◆ **Problem to work on**
The lines to transcribe begin with the one containing "tags: historical persons" and end with the last line below; reproduce them exactly, without the pictures.

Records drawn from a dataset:
- - - - -

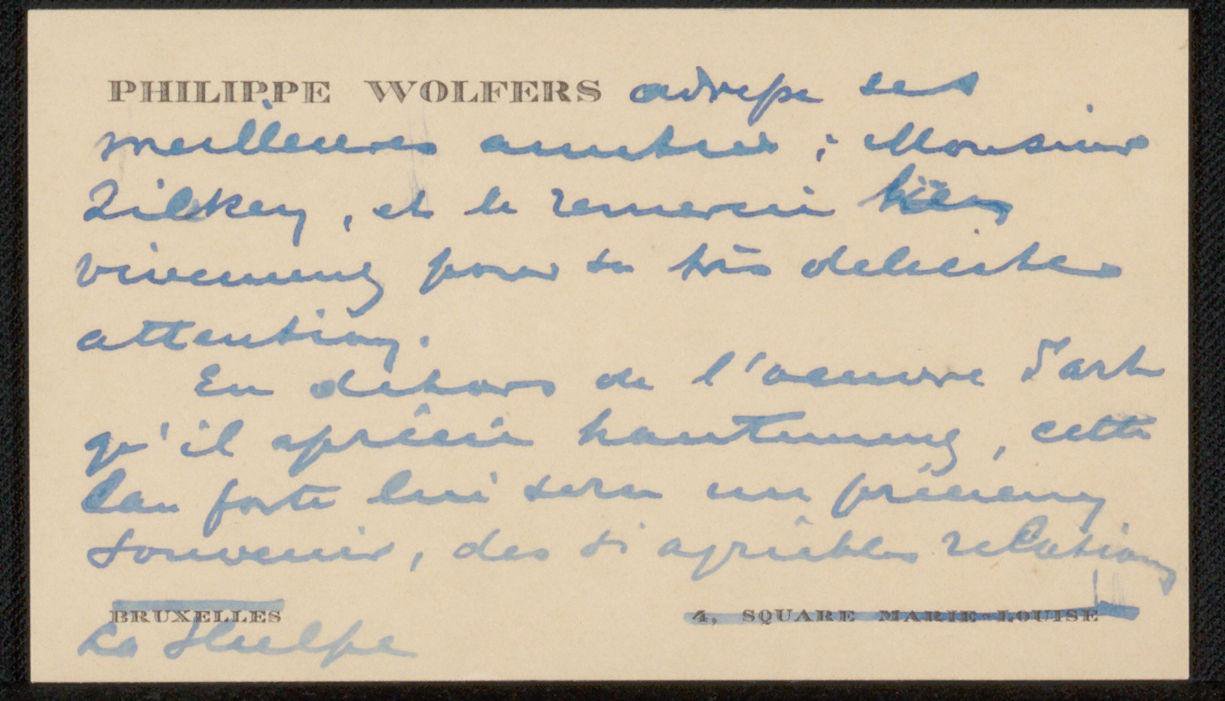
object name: visiting card
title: Visitekaartje aan Philip Zilcken
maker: philippe wolfers
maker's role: designer, goldsmith
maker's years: 1858-1929
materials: cardboard, ink
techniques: pen, printing, writing
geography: brussels
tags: painter, draughtsman, philip zilcken, the graphic arts, exhibition ~ art, brussels
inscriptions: collector's mark: ‘RPK’
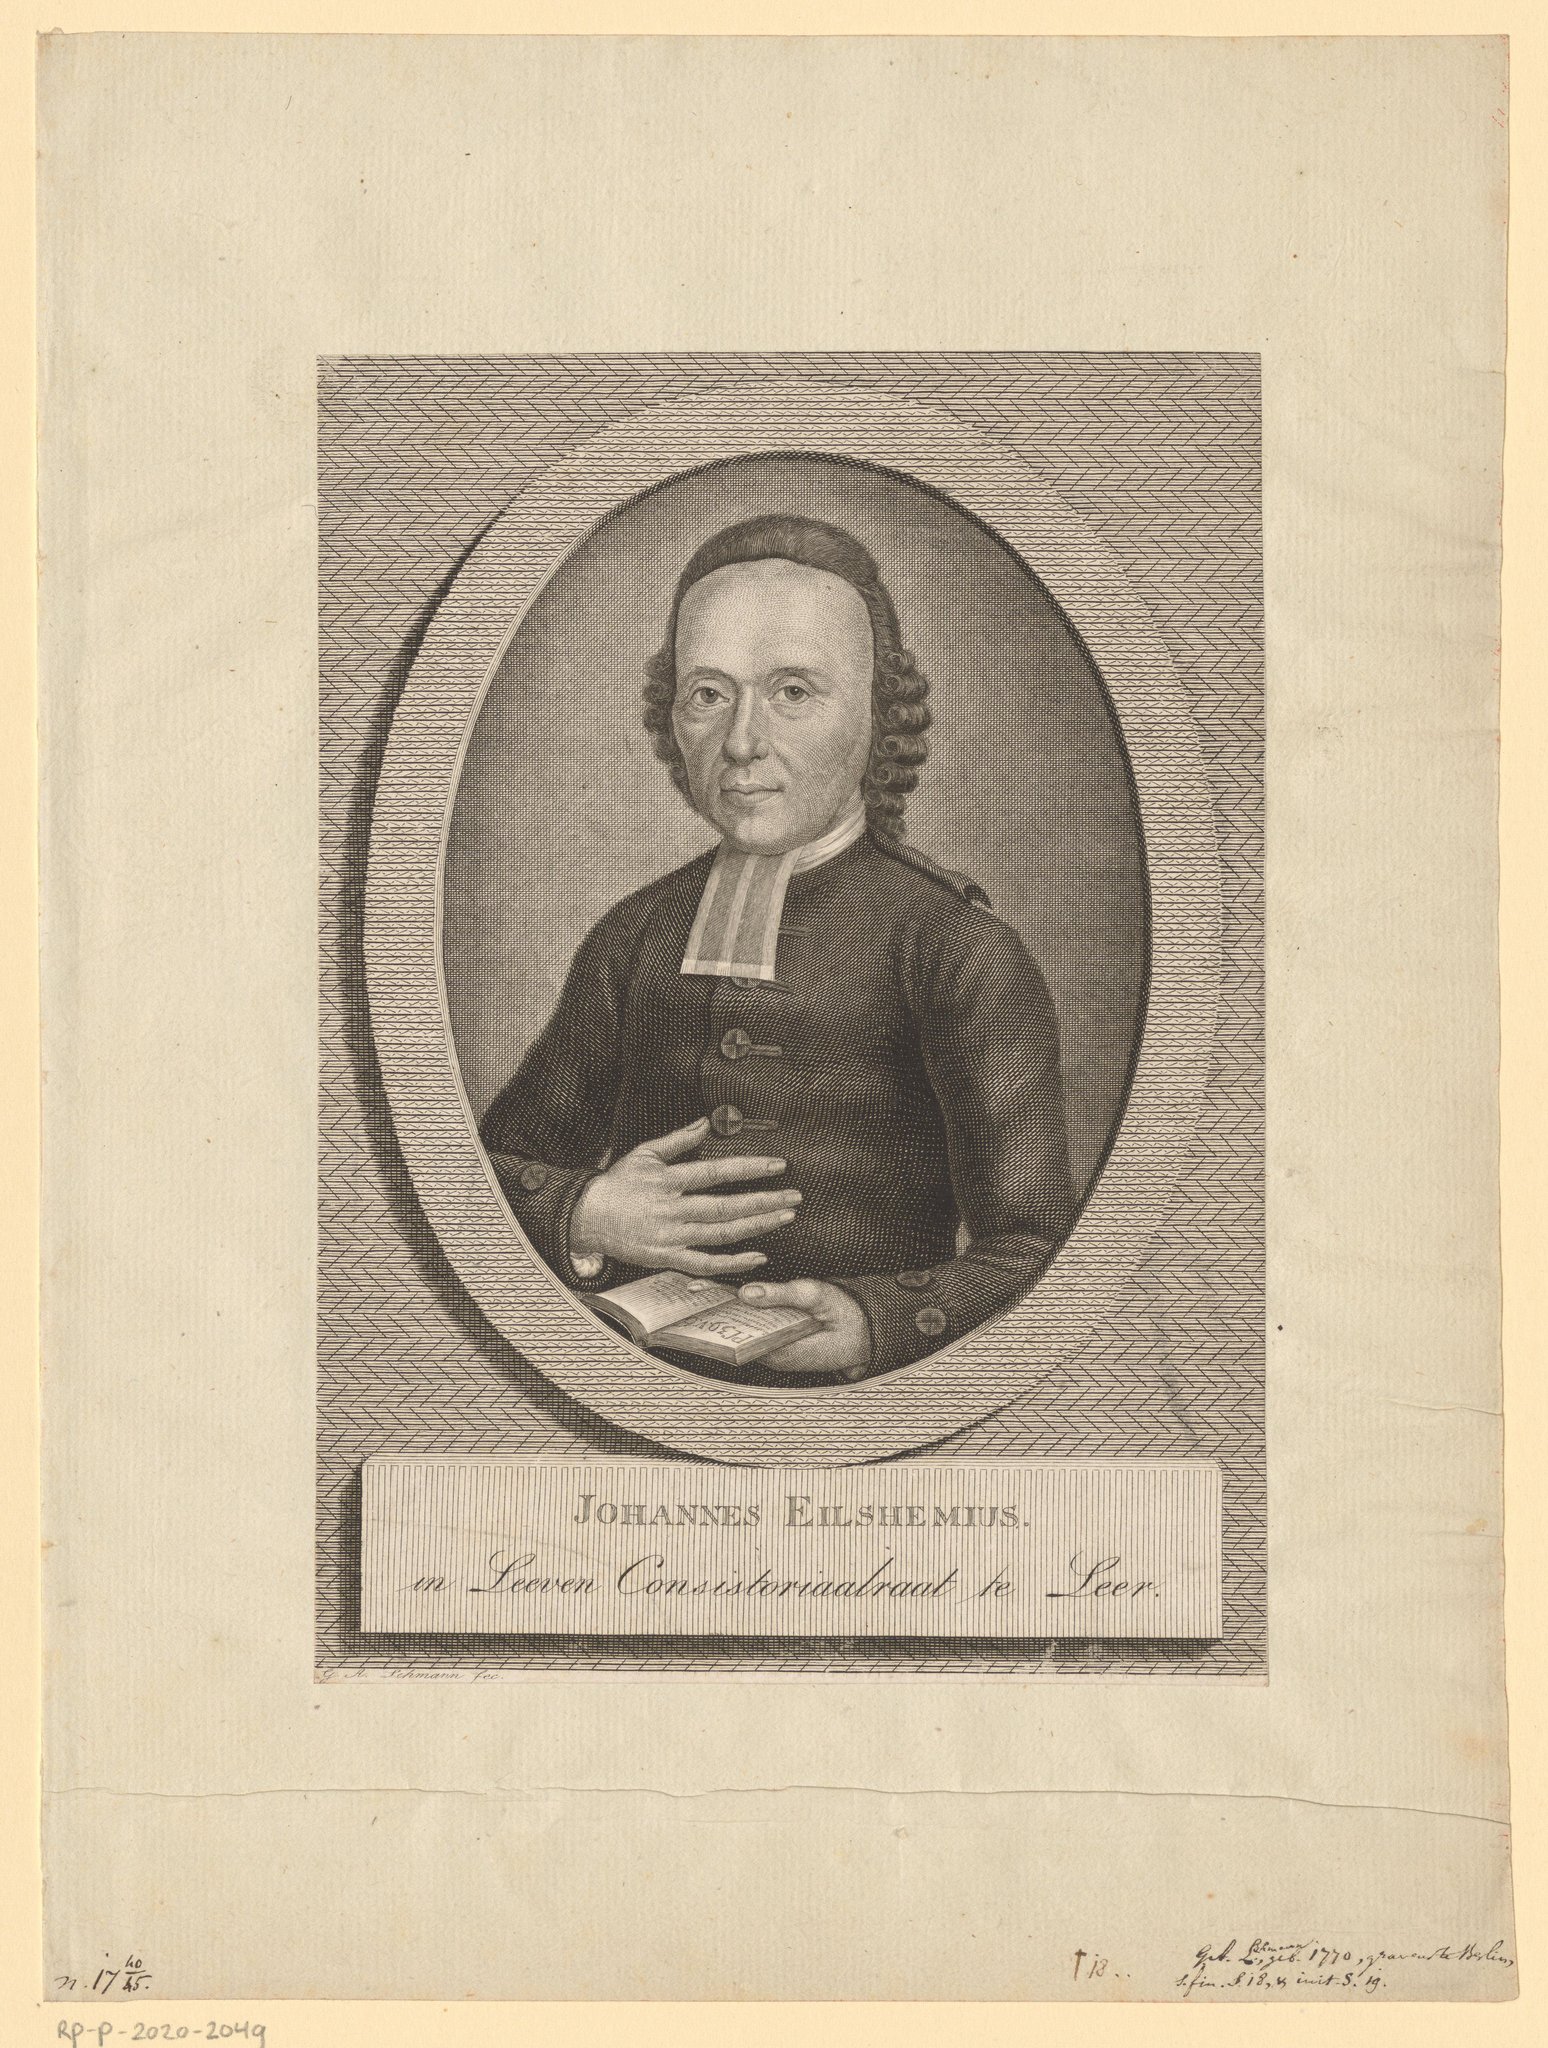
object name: print
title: Portret van Johannes Eilshemius
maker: gottfried arnold lehman
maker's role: print maker
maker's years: 1770-
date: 1790-1819
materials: paper
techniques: engraving, etching
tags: historical persons
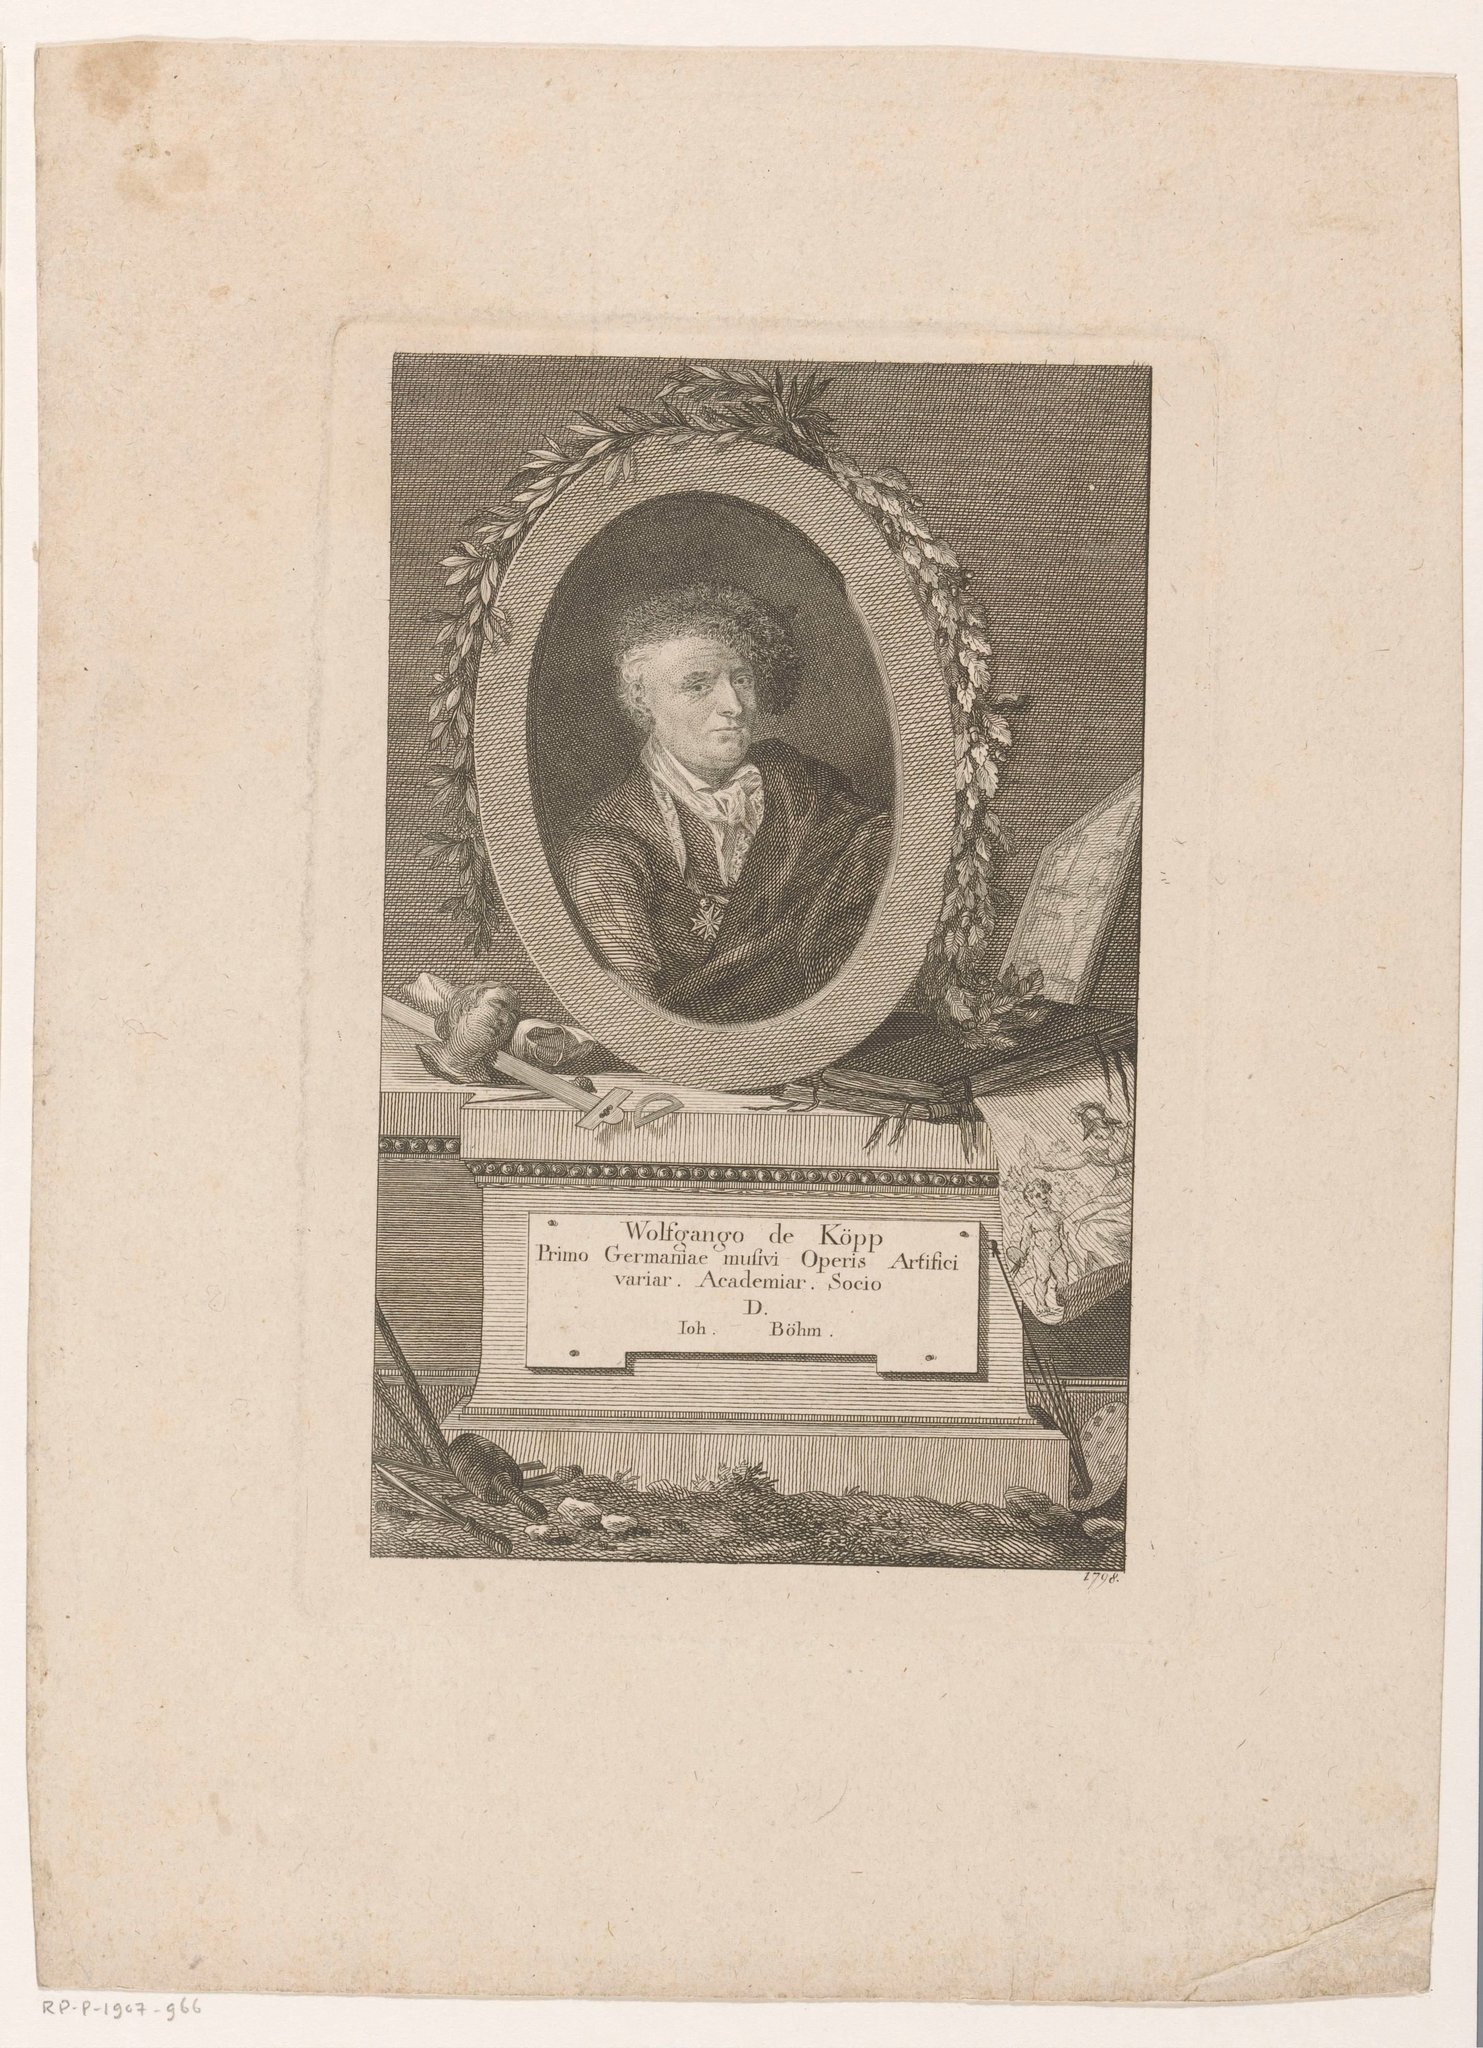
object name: print
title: Portret van Wolfgang Koepp
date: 1798
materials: paper
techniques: engraving, etching
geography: leipzig
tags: vienna, painter, wolfgang koepp, drawing, historical persons, tools, implements of painter, portrait, self-portrait of artist, tools, implements of draughtsman, tools, implements of sculptor
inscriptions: collector's mark: Lugt 2228

- - - - -

◆ **The completed task**
tags: historical persons
object name: print
title: Portret van Wolfgang Koepp
date: 1798
materials: paper
techniques: engraving, etching
geography: leipzig
tags: vienna, painter, wolfgang koepp, drawing, historical persons, tools, implements of painter, portrait, self-portrait of artist, tools, implements of draughtsman, tools, implements of sculptor
inscriptions: collector's mark: Lugt 2228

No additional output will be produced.